[EXERCISE AIM] Produce a verbatim transcript of the entries below, excluding pictures.

(Stored items from a collection)
^^^^^^^^

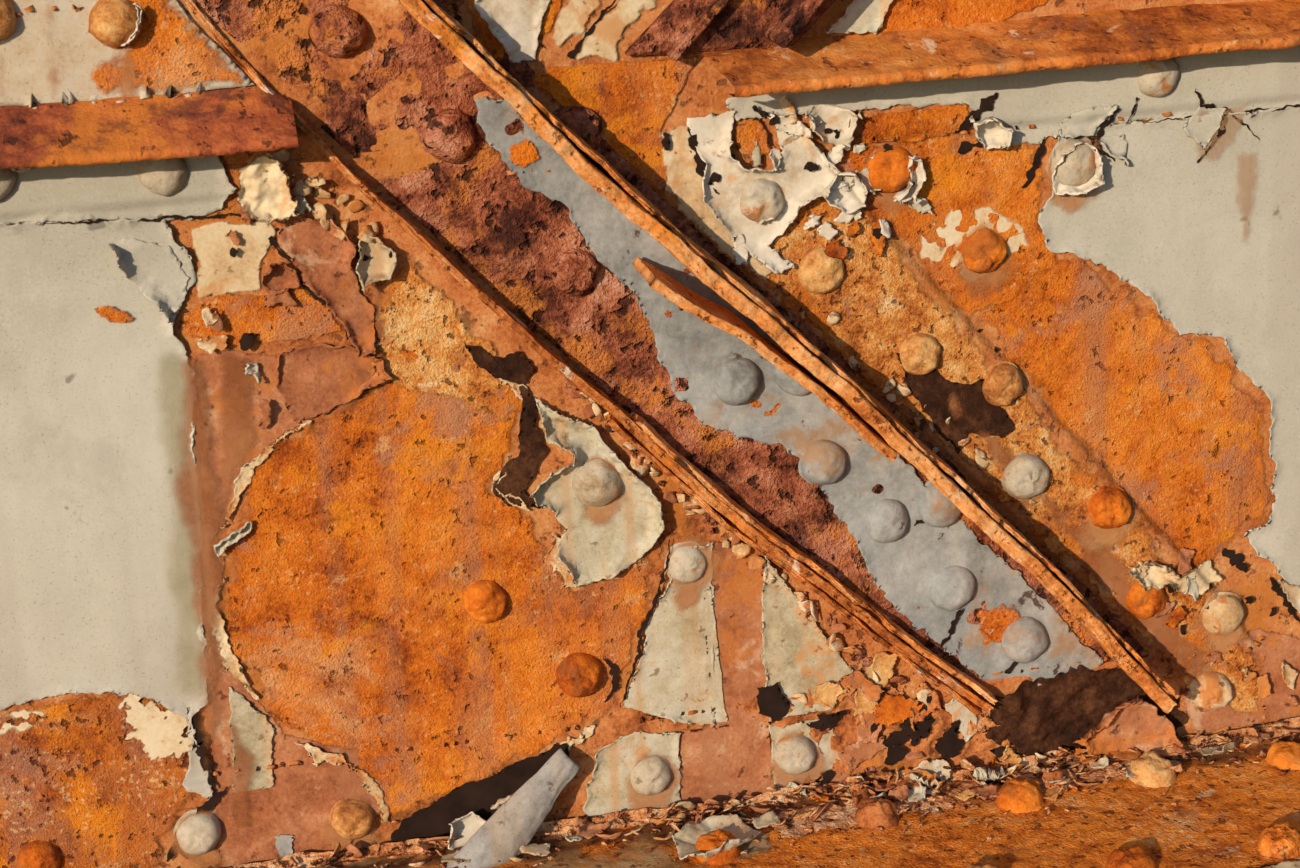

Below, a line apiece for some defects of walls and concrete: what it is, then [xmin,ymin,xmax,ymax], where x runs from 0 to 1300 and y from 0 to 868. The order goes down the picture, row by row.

crack [1022,89,1300,188]
crack [44,213,241,225]
crack [268,235,349,340]
corrosion [424,0,1271,714]
peeling [0,149,680,868]
corrosion [177,256,998,825]
peeling [465,45,1300,863]
corrosion [0,694,217,868]
corrosion [427,846,462,863]
corrosion [516,751,849,861]
corrosion [1074,696,1300,764]
peeling [1268,857,1300,868]

^^^^^^^^

[ANSWER BOX]
Below, a line apiece for some defects of walls and concrete: what it is, then [xmin,ymin,xmax,ymax], where x runs from 0 to 1300 and y from 0 to 868. The order goes down the picture, row by row.

crack [1022,89,1300,188]
crack [44,213,241,225]
crack [268,235,349,340]
corrosion [424,0,1271,714]
peeling [0,149,680,868]
corrosion [177,256,998,825]
peeling [465,45,1300,863]
corrosion [0,694,217,868]
corrosion [427,846,462,863]
corrosion [516,751,849,861]
corrosion [1074,696,1300,764]
peeling [1268,857,1300,868]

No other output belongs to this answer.